### Work to complete
Would you restate each line of the data below word for word, without its pictures?

### Records supplied
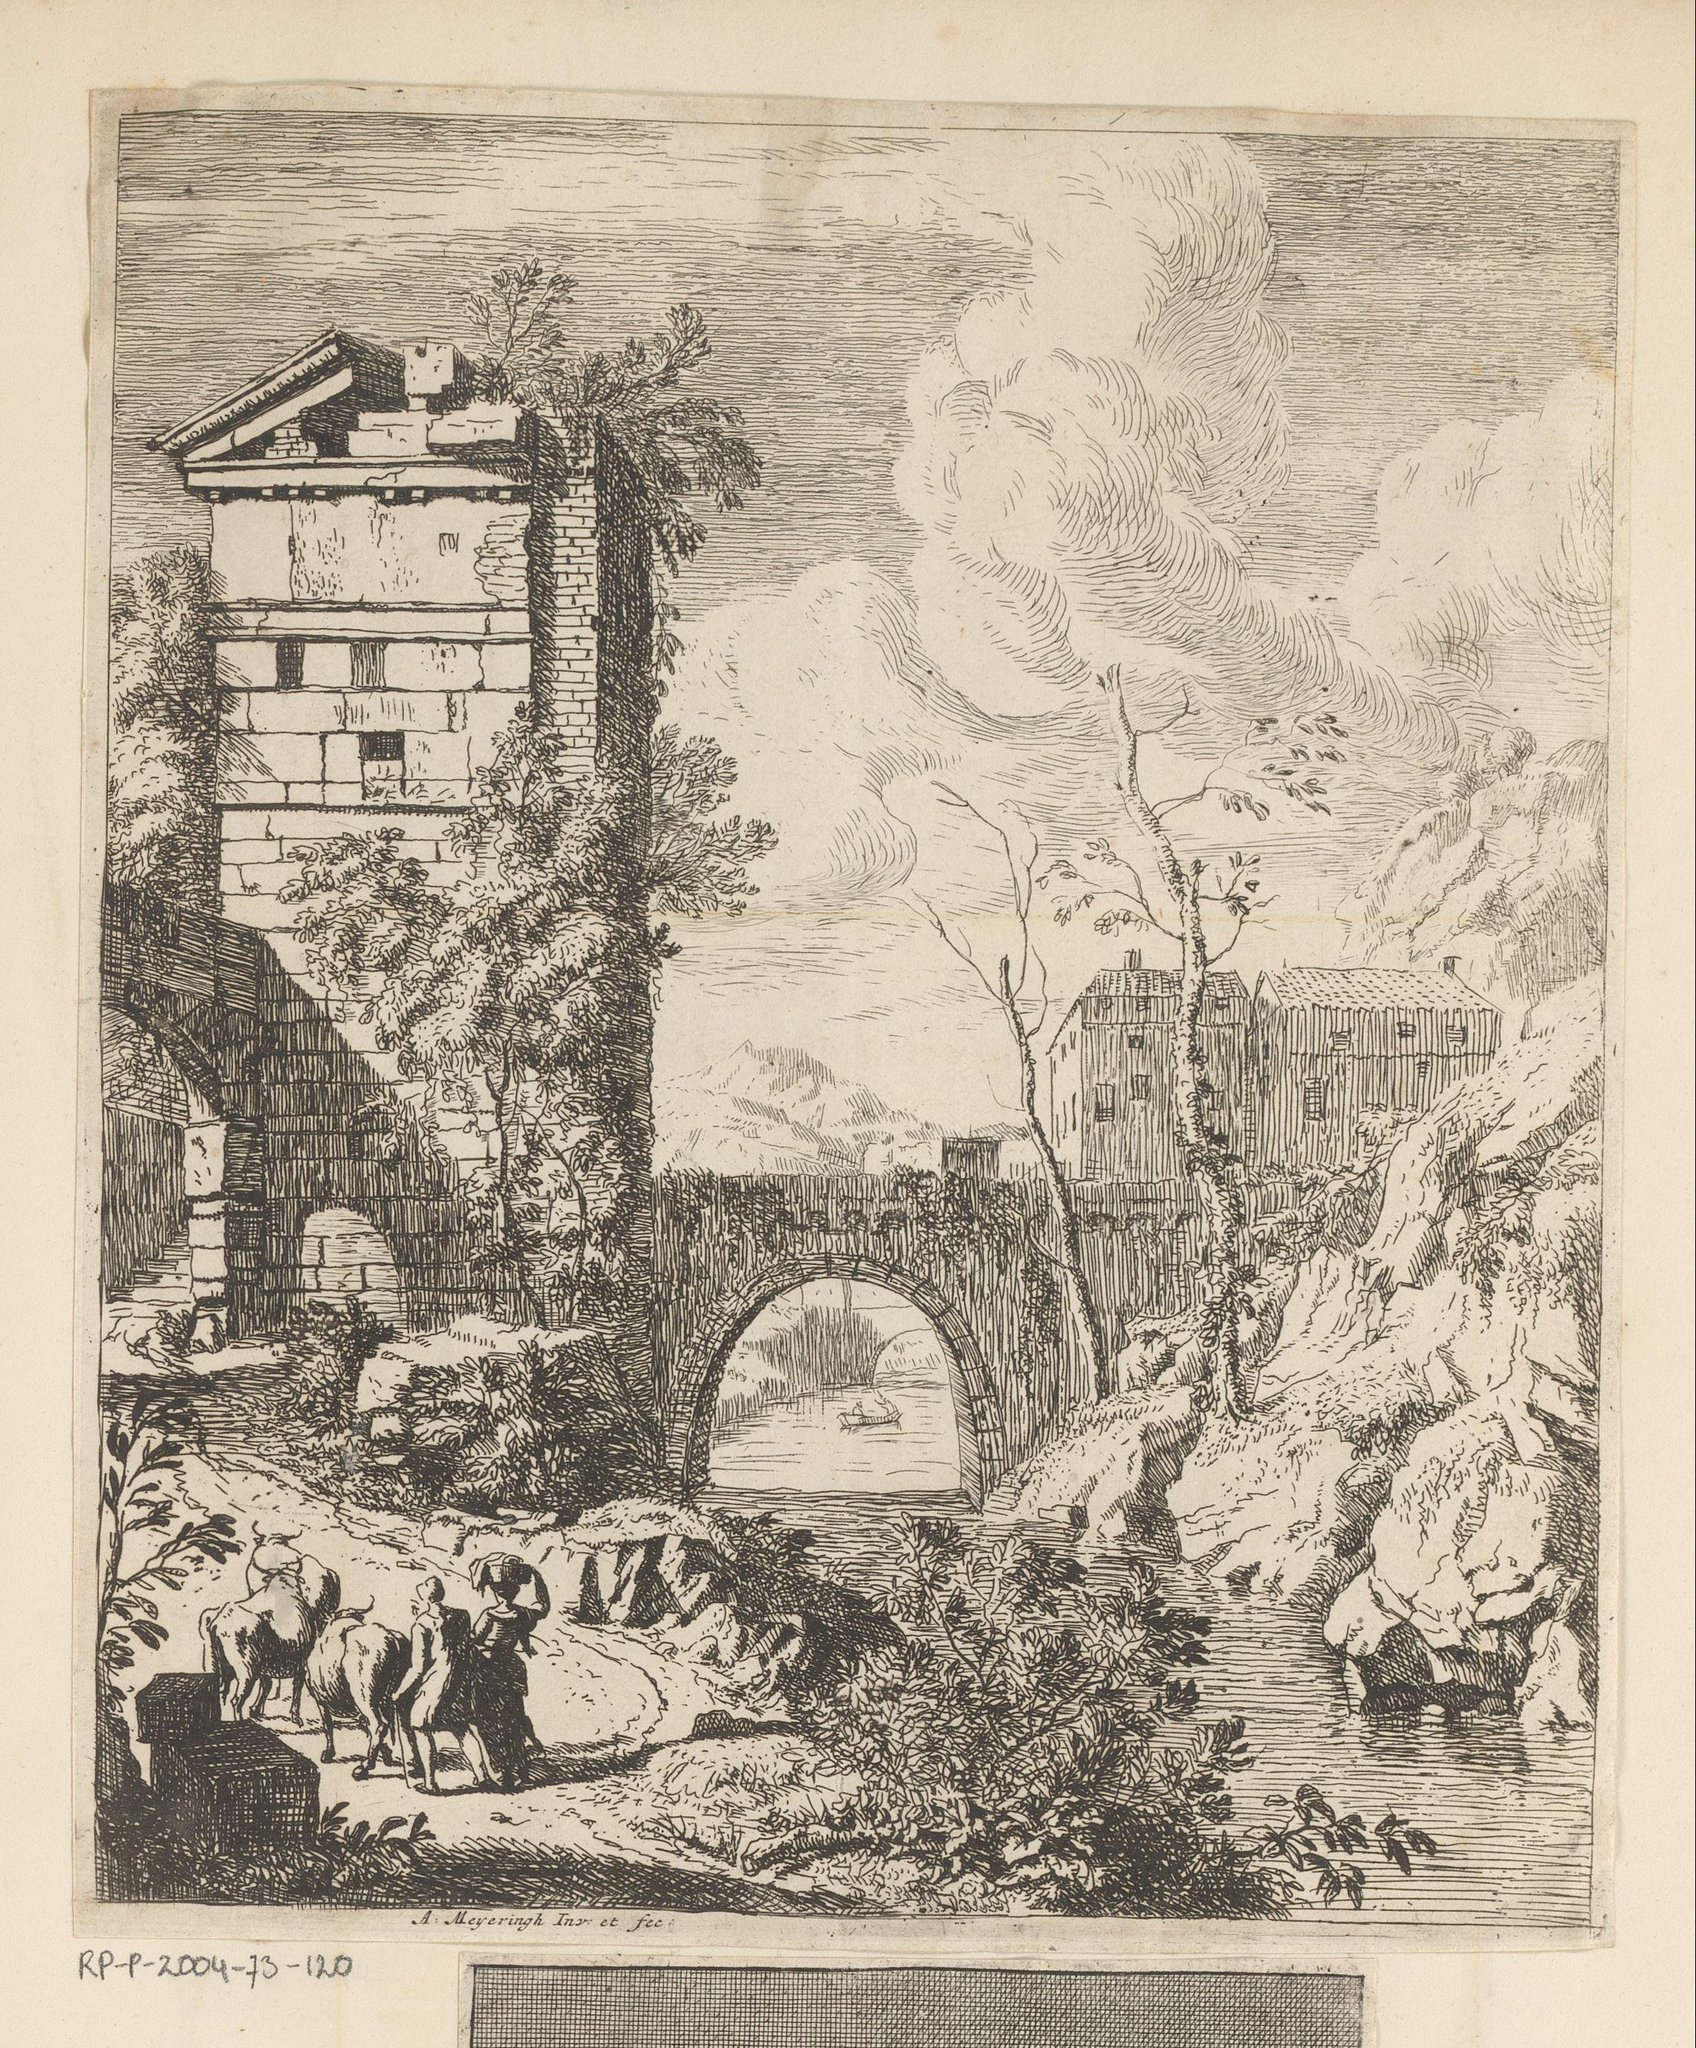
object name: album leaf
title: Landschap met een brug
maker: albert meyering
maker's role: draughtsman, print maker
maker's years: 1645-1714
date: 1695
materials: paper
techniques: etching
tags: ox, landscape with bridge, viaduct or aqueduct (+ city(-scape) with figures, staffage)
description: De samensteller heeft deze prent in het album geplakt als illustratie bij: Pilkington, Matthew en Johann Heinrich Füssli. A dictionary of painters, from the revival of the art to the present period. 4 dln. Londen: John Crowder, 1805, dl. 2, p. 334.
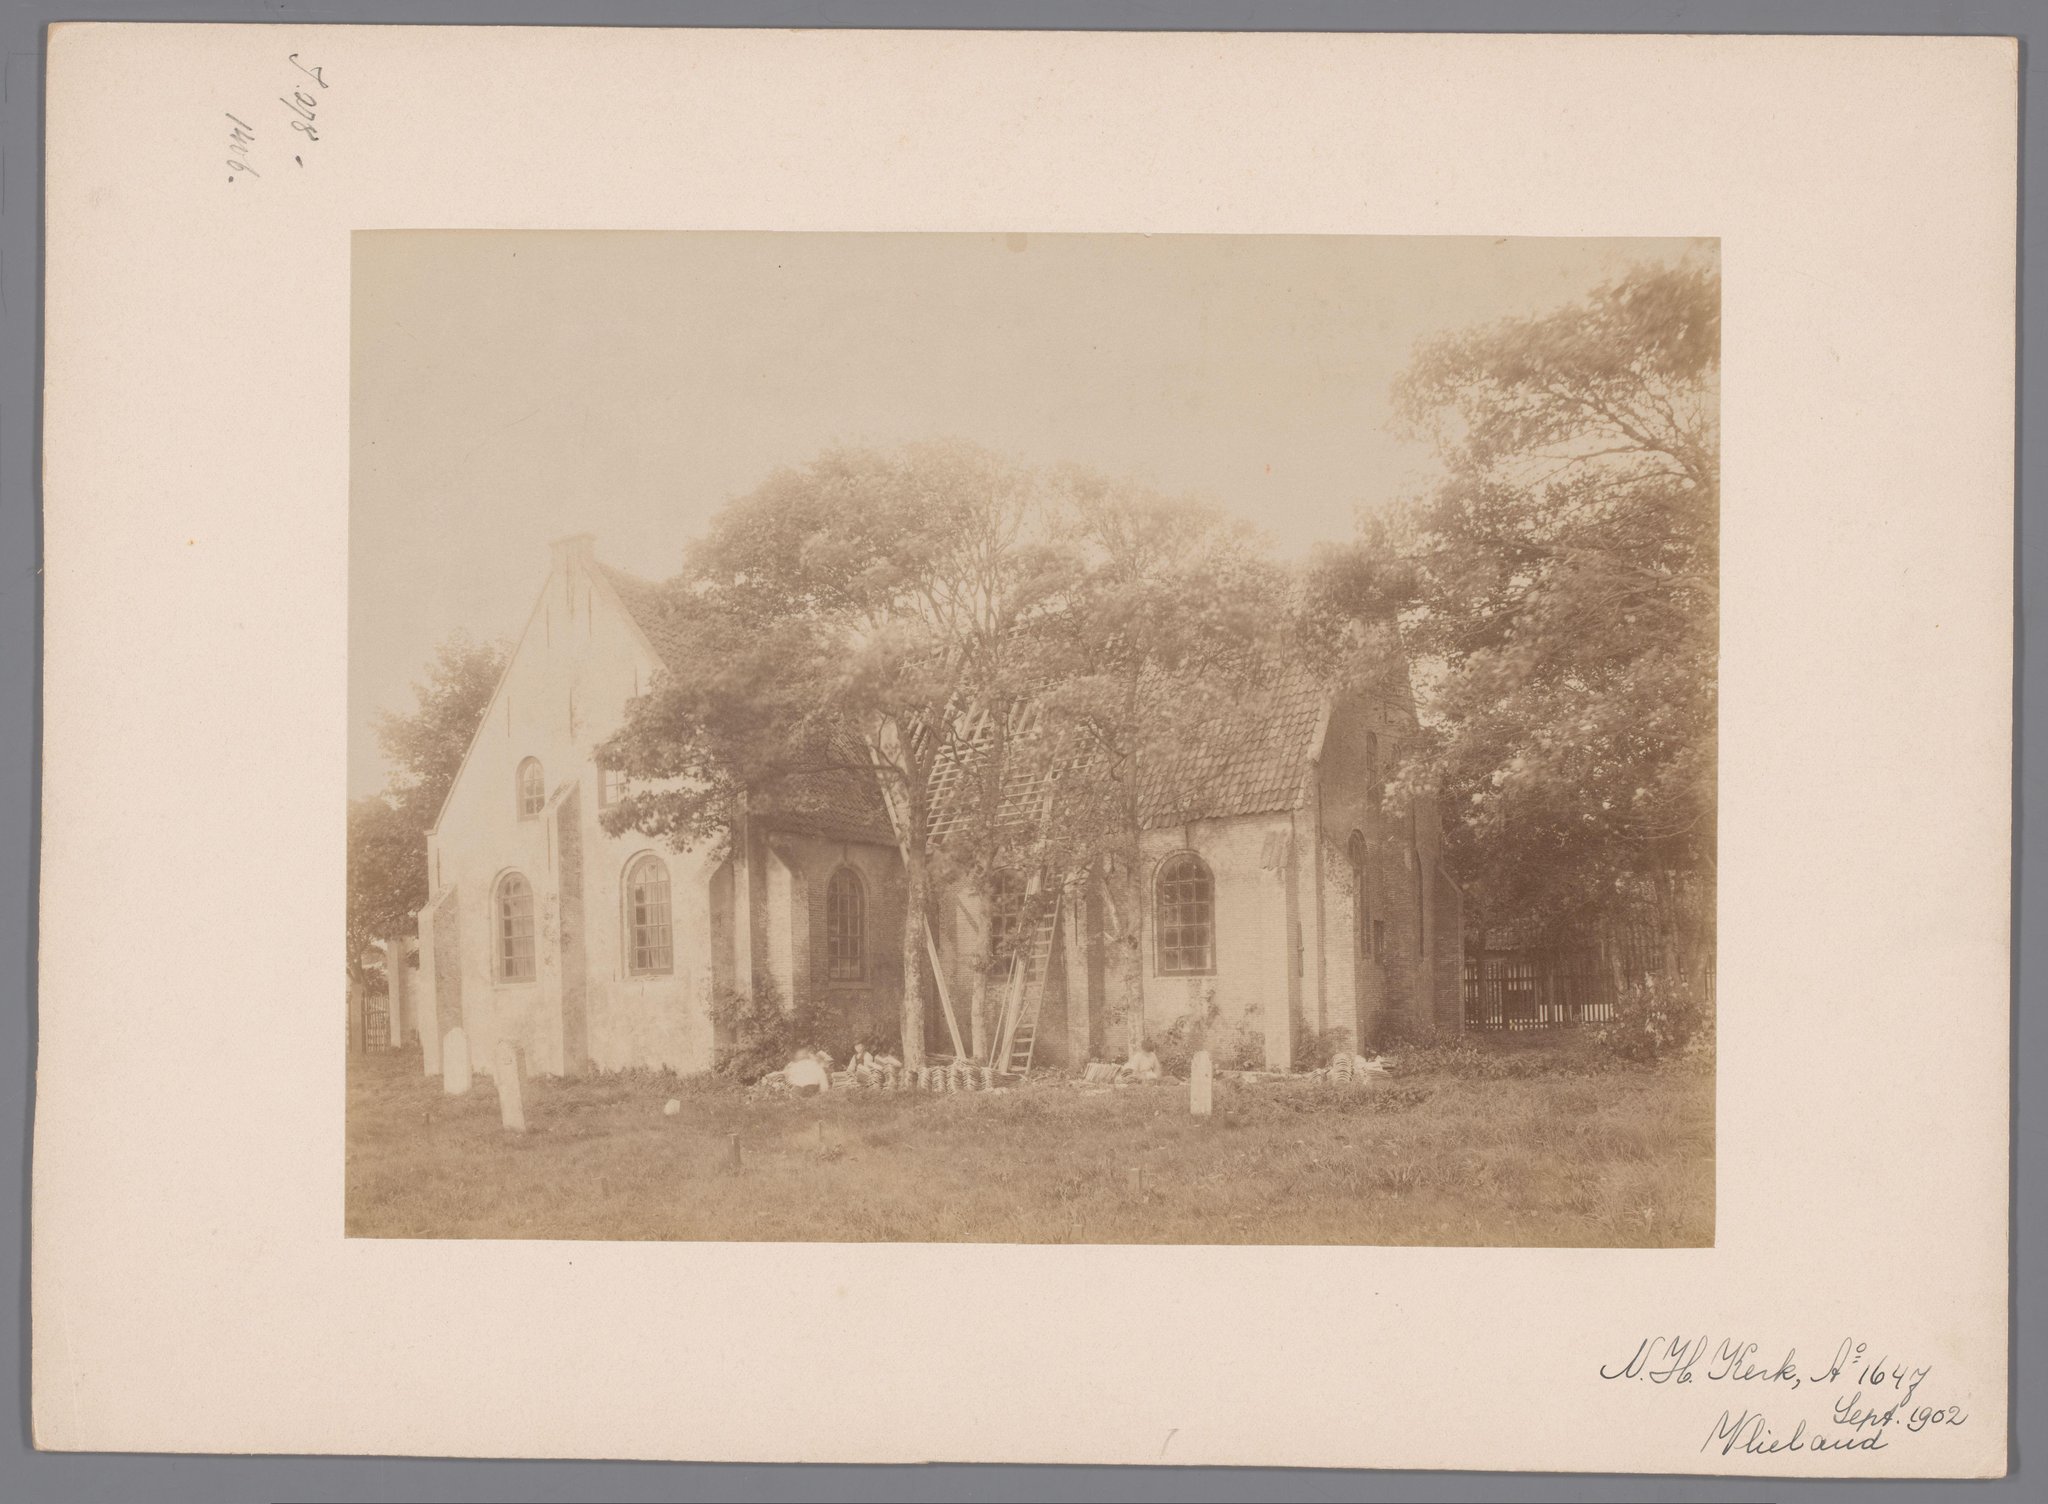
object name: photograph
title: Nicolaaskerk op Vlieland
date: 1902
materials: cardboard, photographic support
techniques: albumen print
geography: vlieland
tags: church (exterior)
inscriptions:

### Answer to this exercise
object name: album leaf
title: Landschap met een brug
maker: albert meyering
maker's role: draughtsman, print maker
maker's years: 1645-1714
date: 1695
materials: paper
techniques: etching
tags: ox, landscape with bridge, viaduct or aqueduct (+ city(-scape) with figures, staffage)
description: De samensteller heeft deze prent in het album geplakt als illustratie bij: Pilkington, Matthew en Johann Heinrich Füssli. A dictionary of painters, from the revival of the art to the present period. 4 dln. Londen: John Crowder, 1805, dl. 2, p. 334.
object name: photograph
title: Nicolaaskerk op Vlieland
date: 1902
materials: cardboard, photographic support
techniques: albumen print
geography: vlieland
tags: church (exterior)
inscriptions:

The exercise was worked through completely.